Resolution 5 Re-election of Director

The Board recommends the re-election of Graham Martin who retires by rotation in accordance with the Articles.

Resolution 6 Auditors’ re-appointment and remuneration

The resolution relating to the Auditors’ reappointment and remuneration is usual business for the AGM.

Special Business

Resolution 7 Directors’ authority to allot shares

This is an ordinary resolution granting general authority to the directors of the Company (“Directors“) to allot new ordinary shares of £0.01 each in the capital of the Company (“Ordinary Shares“) up to the threshold described in Resolution 7 for the purposes of, or in connection with the exercise of rights pursuant to, the 41,303,126 outstanding and unexercised warrants previously issued by the Company in relation to fundraisings it has previously undertaken (as detailed in paragraph 5.1 of the prospectus published by the Company on 30 April 2018 (the “Prospectus“)) and the 14,633,500 outstanding and unexercised options granted to certain Directors (as detailed in paragraph 6.1 of the Prospectus) and any additional options which may be granted to the Directors and/or employees of the Company provided that such aggregate number of options granted by the Company to Directors and/or employees does not exceed 10 per cent. of the total issued share capital of the Company from time to time (together, the “Warrants and Options“).
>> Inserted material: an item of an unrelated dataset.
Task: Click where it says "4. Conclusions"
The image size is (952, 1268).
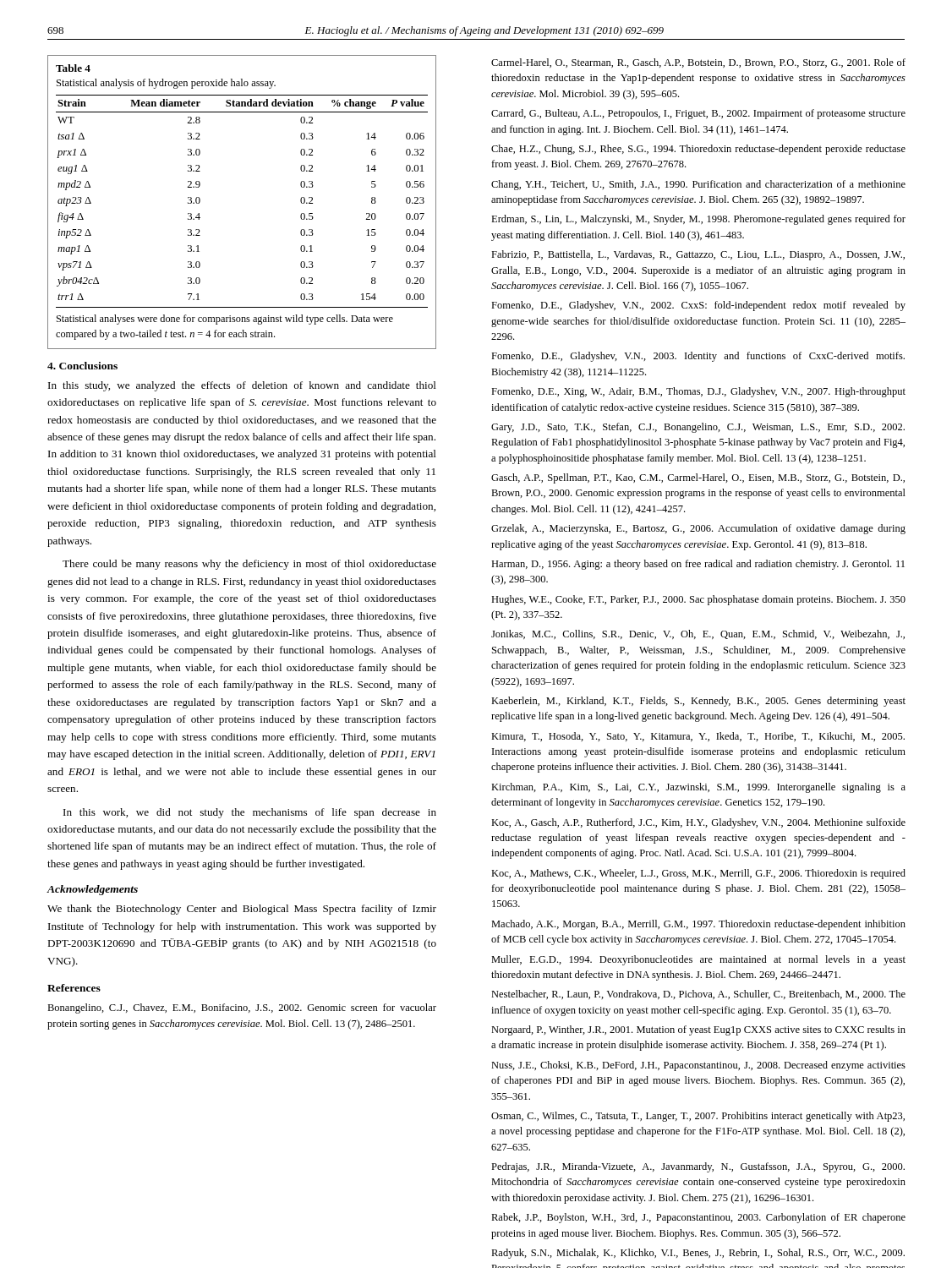Action: tap(83, 365)

Resolution 7 proposes to authorise the Board to allot and issue Ordinary Shares or grant rights to subscribe for or to convert any securities into Ordinary Shares solely in respect of the Warrants and Options up to an aggregate nominal amount of £704,099.79 such authority to expire at the next annual general meeting of the Company or fifteen months after the passing of this resolution, whichever date is the earlier.

Resolution 8 Directors’ additional authority to allot shares

This is an ordinary resolution granting general authority to the Directors to allot Ordinary Shares in the capital of the Company up to the threshold described in Resolution 8, which is in addition to the general authority described in Resolution 7. The Board may only allot Ordinary Shares or grant rights to subscribe for, or convert any security into, Ordinary Shares if authorised to do so by Shareholders. Resolution 8 proposes to authorise the Board to allot and issue Ordinary Shares or grant rights to subscribe for or to convert any securities into Ordinary Shares, in addition to the authority proposed in Resolution 7, up to an aggregate nominal amount of £970,228.44 such authority to expire at the next annual general meeting of the Company or fifteen months after the passing of this resolution, whichever date is the earlier. This amount represents approximately one-third of the Company’s issued ordinary share capital as at the date of the Notice.

Resolution 9 Disapplication of pre-emption rights

The Companies Act 2006 (the “CA 2006“) requires that any equity securities issued for cash (other than pursuant to an employee share scheme) must first be offered to existing shareholders pro rata to their holdings unless approval is obtained by special resolution to disapply this requirement. It is proposed that this approval also be renewed for the same period as the authority under Resolution 7. The Company is seeking disapplication of pre-emption rights in connection with any equity securities to be allotted and issued in connection with the Warrants and Options up to a nominal amount of Ordinary Shares equal to £704,099.79.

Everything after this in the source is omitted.